An interior-point method (IPM) defines a search direction at each interior point of the feasible region. These search directions form a direction field, which in turn gives rise to a system of ordinary differential equations (ODEs). Thus, it is natural to define the underlying paths of the IPM as the solutions of the system of ODEs. In Sim and Zhao (Math. Program. Ser. A, [2007], to appear), these off-central paths are shown to be well-defined analytic curves and any of their accumulation points is a solution to the given monotone semidefinite linear complementarity problem (SDLCP). Off-central paths for a simple example are also studied in Sim and Zhao (Math. Program. Ser. A, [2007], to appear) and their asymptotic behavior near the solution of the example is analyzed. In this paper, which is an extension of Sim and Zhao (Math. Program. Ser. A, [2007], to appear), we study the asymptotic behavior of the off-central paths for general SDLCPs using the dual HKM direction.

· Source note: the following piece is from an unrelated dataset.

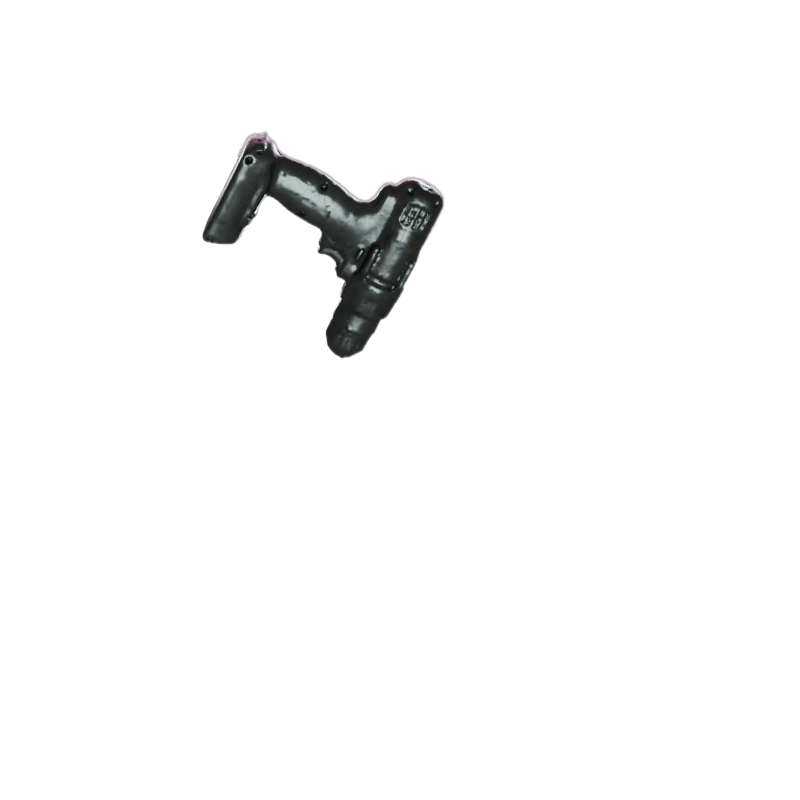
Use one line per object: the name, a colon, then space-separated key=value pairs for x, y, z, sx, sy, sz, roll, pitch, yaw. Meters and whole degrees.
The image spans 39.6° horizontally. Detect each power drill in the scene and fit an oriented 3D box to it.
power drill: x=-0.078 y=-0.142 z=0.995 sx=0.184 sy=0.179 sz=0.060 roll=24 pitch=21 yaw=-10

We give a necessary and sufficient condition for when an off-central path is analytic as a function of \(\sqrt{\mu}\) at a solution of the SDLCP. Then, we show that, if the given SDLCP has a unique solution, the first derivative of its off-central path, as a function of \(\sqrt{\mu}\) , is bounded. We work under the assumption that the given SDLCP satisfies the strict complementarity condition.